This two methods work perfect when querying things from the database. But sooner or later, you will run into big trouble when you try to write data into database.

In db migration or use factory_girl to generate test fixtures, you might found that the data you insert in different schemas finally goes into the first non-public schema. But all the query still works perfect!

We found this problem occurs when the following conditions are satisfied:

1. Query are happened in a Transaction.
2. You insert data into multiple non-public schemas.
3. You user SET search_path TO SQL statement to switch between schema rather than explicitly using full-qualified table name.
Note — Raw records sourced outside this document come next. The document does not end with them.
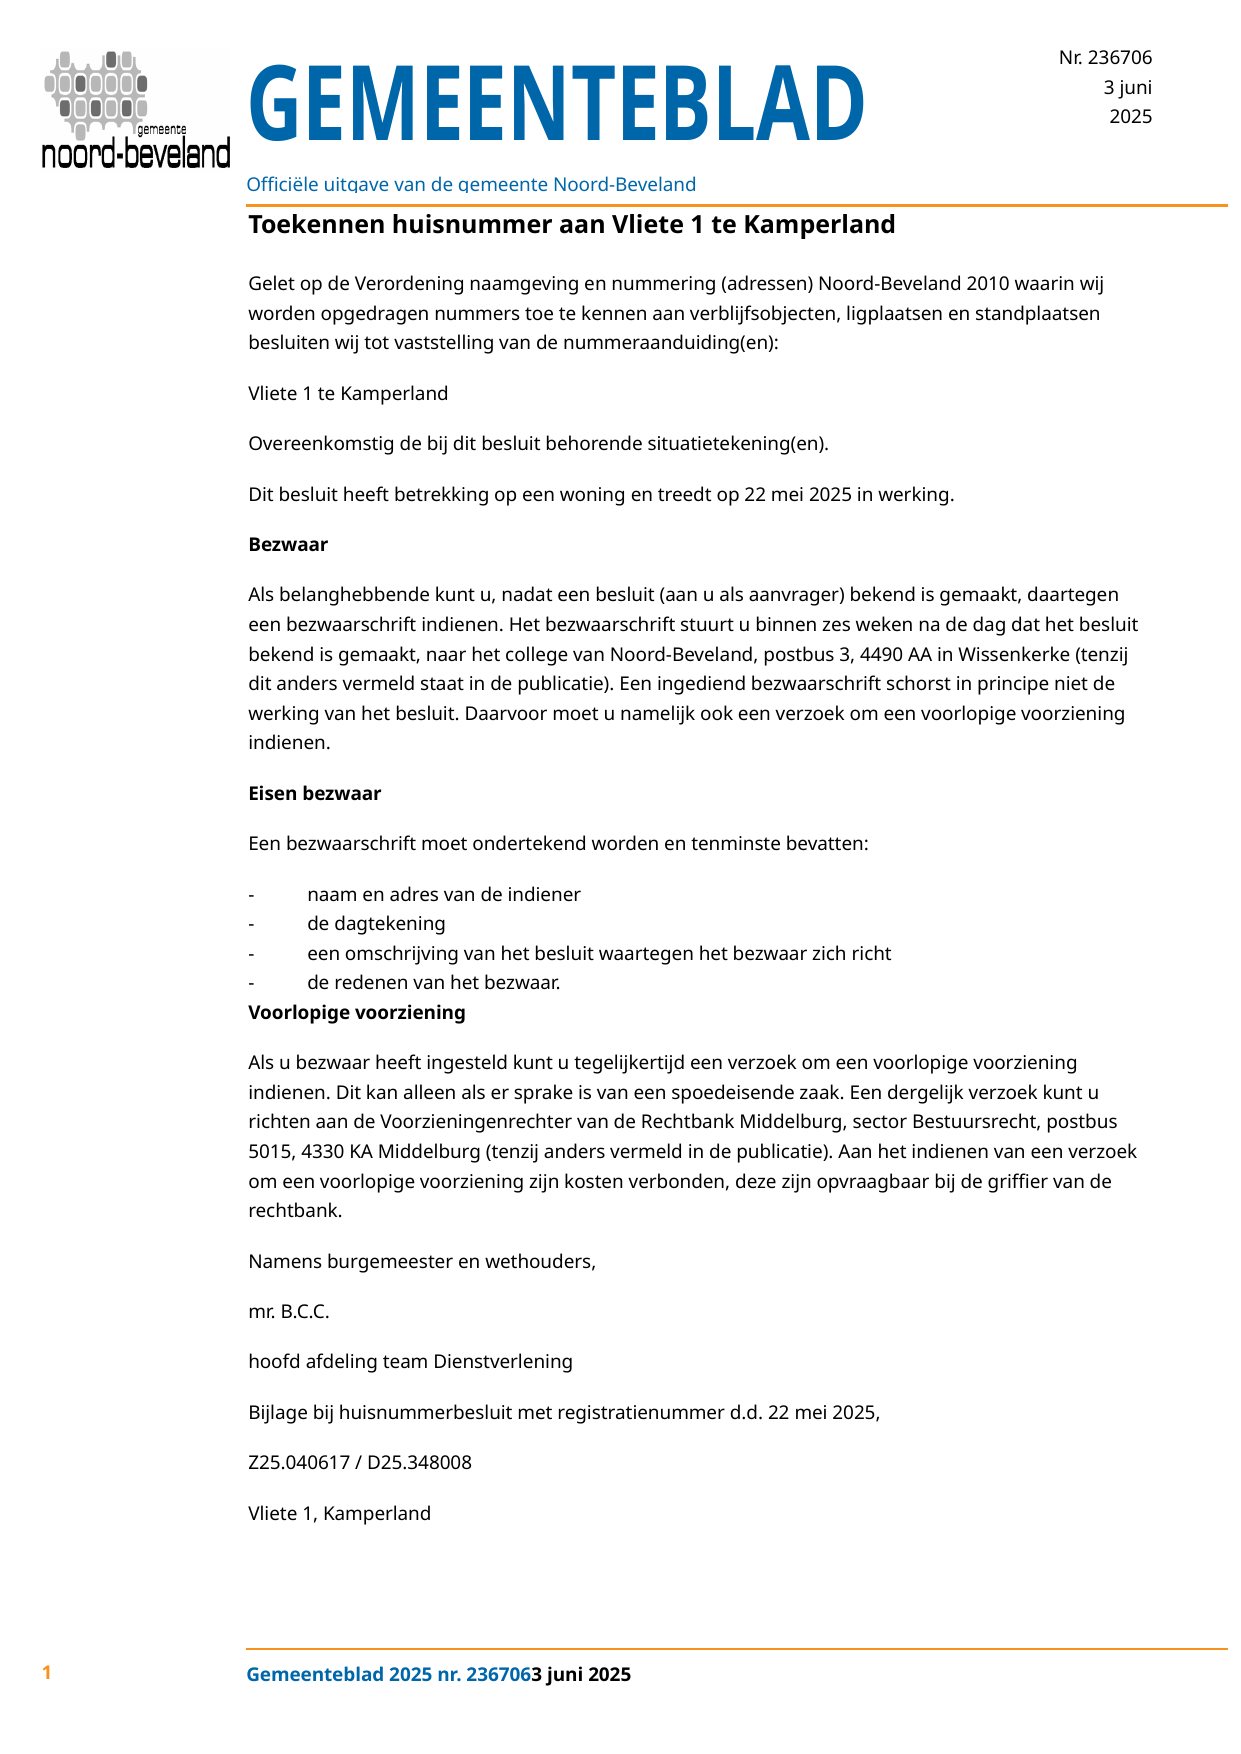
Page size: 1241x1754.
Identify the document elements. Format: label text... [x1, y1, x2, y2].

text Vliete 1, Kamperland [248, 1500, 1152, 1526]
text Bijlage bij huisnummerbesluit met registratienummer d.d. 22 mei 2025, [248, 1399, 1152, 1425]
text Toekennen huisnummer aan Vliete 1 te Kamperland [248, 207, 1152, 241]
text Een bezwaarschrift moet ondertekend worden en tenminste bevatten: [248, 830, 1152, 856]
text Als belanghebbende kunt u, nadat een besluit (aan u als aanvrager) bekend is gemaakt, daartegen een bezwaarschrift indienen. Het bezwaarschrift stuurt u binnen zes weken na de dag dat het besluit bekend is gemaakt, naar het college van Noord-Beveland, postbus 3, 4490 AA in Wissenkerke (tenzij dit anders vermeld staat in de publicatie). Een ingediend bezwaarschrift schorst in principe niet de werking van het besluit. Daarvoor moet u namelijk ook een verzoek om een voorlopige voorziening indienen. [248, 582, 1152, 755]
text Voorlopige voorziening [248, 999, 1152, 1025]
list een omschrijving van het besluit waartegen het bezwaar zich richt [248, 940, 1152, 966]
list de redenen van het bezwaar. [248, 969, 1152, 995]
text mr. B.C.C. [248, 1298, 1152, 1324]
text Als u bezwaar heeft ingesteld kunt u tegelijkertijd een verzoek om een voorlopige voorziening indienen. Dit kan alleen als er sprake is van een spoedeisende zaak. Een dergelijk verzoek kunt u richten aan de Voorzieningenrechter van de Rechtbank Middelburg, sector Bestuursrecht, postbus 5015, 4330 KA Middelburg (tenzij anders vermeld in de publicatie). Aan het indienen van een verzoek om een voorlopige voorziening zijn kosten verbonden, deze zijn opvraagbaar bij de griffier van de rechtbank. [248, 1049, 1152, 1223]
text Eisen bezwaar [248, 780, 1152, 806]
list naam en adres van de indiener [248, 881, 1152, 906]
text Gelet op de Verordening naamgeving en nummering (adressen) Noord-Beveland 2010 waarin wij worden opgedragen nummers toe te kennen aan verblijfsobjecten, ligplaatsen en standplaatsen besluiten wij tot vaststelling van de nummeraanduiding(en): [248, 270, 1152, 355]
list de dagtekening [248, 910, 1152, 936]
text Z25.040617 / D25.348008 [248, 1449, 1152, 1475]
text hoofd afdeling team Dienstverlening [248, 1349, 1152, 1374]
text Namens burgemeester en wethouders, [248, 1248, 1152, 1273]
text Vliete 1 te Kamperland [248, 380, 1152, 406]
text Dit besluit heeft betrekking op een woning en treedt op 22 mei 2025 in werking. [248, 481, 1152, 506]
picture [41, 47, 231, 172]
text Overeenkomstig de bij dit besluit behorende situatietekening(en). [248, 430, 1152, 456]
text Bezwaar [248, 531, 1152, 557]
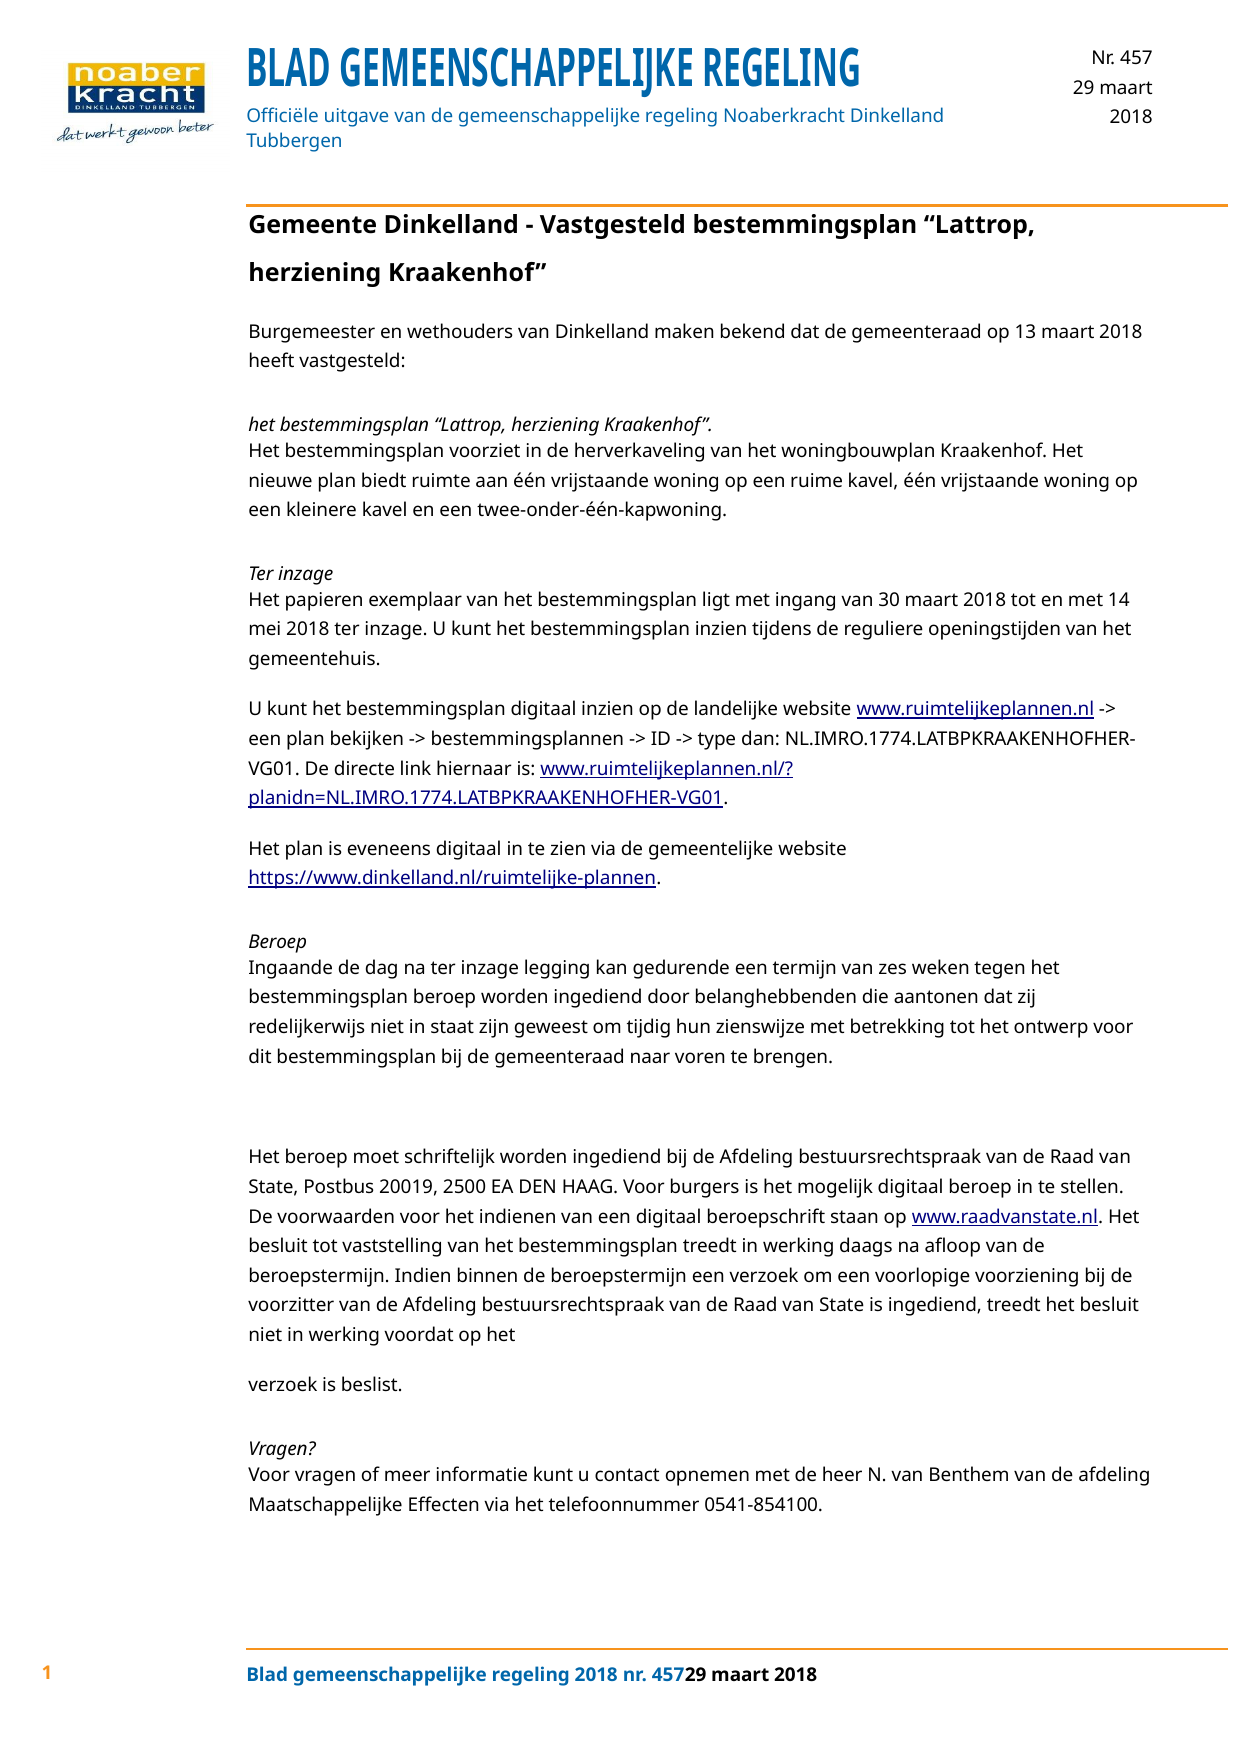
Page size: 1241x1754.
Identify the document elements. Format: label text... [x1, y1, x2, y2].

text het bestemmingsplan “Lattrop, herziening Kraakenhof”. [248, 411, 1152, 437]
text Ingaande de dag na ter inzage legging kan gedurende een termijn van zes weken tegen het bestemmingsplan beroep worden ingediend door belanghebbenden die aantonen dat zij redelijkerwijs niet in staat zijn geweest om tijdig hun zienswijze met betrekking tot het ontwerp voor dit bestemmingsplan bij de gemeenteraad naar voren te brengen. [248, 954, 1152, 1068]
text Burgemeester en wethouders van Dinkelland maken bekend dat de gemeenteraad op 13 maart 2018 heeft vastgesteld: [248, 318, 1152, 373]
text verzoek is beslist. [248, 1372, 1152, 1397]
text Het bestemmingsplan voorziet in de herverkaveling van het woningbouwplan Kraakenhof. Het nieuwe plan biedt ruimte aan één vrijstaande woning op een ruime kavel, één vrijstaande woning op een kleinere kavel en een twee-onder-één-kapwoning. [248, 437, 1152, 522]
text Het plan is eveneens digitaal in te zien via de gemeentelijke website https://www.dinkelland.nl/ruimtelijke-plannen. [248, 835, 1152, 890]
text U kunt het bestemmingsplan digitaal inzien op de landelijke website www.ruimtelijkeplannen.nl -> een plan bekijken -> bestemmingsplannen -> ID -> type dan: NL.IMRO.1774.LATBPKRAAKENHOFHER-VG01. De directe link hiernaar is: www.ruimtelijkeplannen.nl/?planidn=NL.IMRO.1774.LATBPKRAAKENHOFHER-VG01. [248, 696, 1152, 810]
picture [41, 47, 231, 172]
text Het beroep moet schriftelijk worden ingediend bij de Afdeling bestuursrechtspraak van de Raad van State, Postbus 20019, 2500 EA DEN HAAG. Voor burgers is het mogelijk digitaal beroep in te stellen. De voorwaarden voor het indienen van een digitaal beroepschrift staan op www.raadvanstate.nl. Het besluit tot vaststelling van het bestemmingsplan treedt in werking daags na afloop van de beroepstermijn. Indien binnen de beroepstermijn een verzoek om een voorlopige voorziening bij de voorzitter van de Afdeling bestuursrechtspraak van de Raad van State is ingediend, treedt het besluit niet in werking voordat op het [248, 1144, 1152, 1347]
text Voor vragen of meer informatie kunt u contact opnemen met de heer N. van Benthem van de afdeling Maatschappelijke Effecten via het telefoonnummer 0541-854100. [248, 1461, 1152, 1517]
text Beroep [248, 928, 1152, 954]
text Ter inzage [248, 560, 1152, 586]
text Vragen? [248, 1436, 1152, 1461]
text Gemeente Dinkelland - Vastgesteld bestemmingsplan “Lattrop, herziening Kraakenhof” [248, 207, 1152, 288]
text Het papieren exemplaar van het bestemmingsplan ligt met ingang van 30 maart 2018 tot en met 14 mei 2018 ter inzage. U kunt het bestemmingsplan inzien tijdens de reguliere openingstijden van het gemeentehuis. [248, 586, 1152, 671]

And the most interesting thing is that:

1. All the SELECT queries are executed on schemas correctly
2. If you use SHOW search_path; to query current search path, you will got correct search path value.
3. All data are inserted into first non-public schema that you actually wrote data into. So which means it you try to insert data into public schema, it won’t go wrong. Or you switched to a non-public schema, but actually you doesn’t insert any rows, it also won’t be impacted.

To solve this problem, I spent 2 nights and 2 days to digged into the source code of ActiveRecord gem and pg gem (the Postgres database adapter).
And finally I solved the problem by using the attribute on PostgreSQLAdapter.

Basically, instead of using the SQL query, you should use the PostgreSQLAdapter#schema_search_path and PostgreSQLAdapter#schema_search_path= to get and set the search path.
And if you dig into the source code, you will find the two methods does the exact same thing as we did except it assigned one more instance variable @schema_search_path.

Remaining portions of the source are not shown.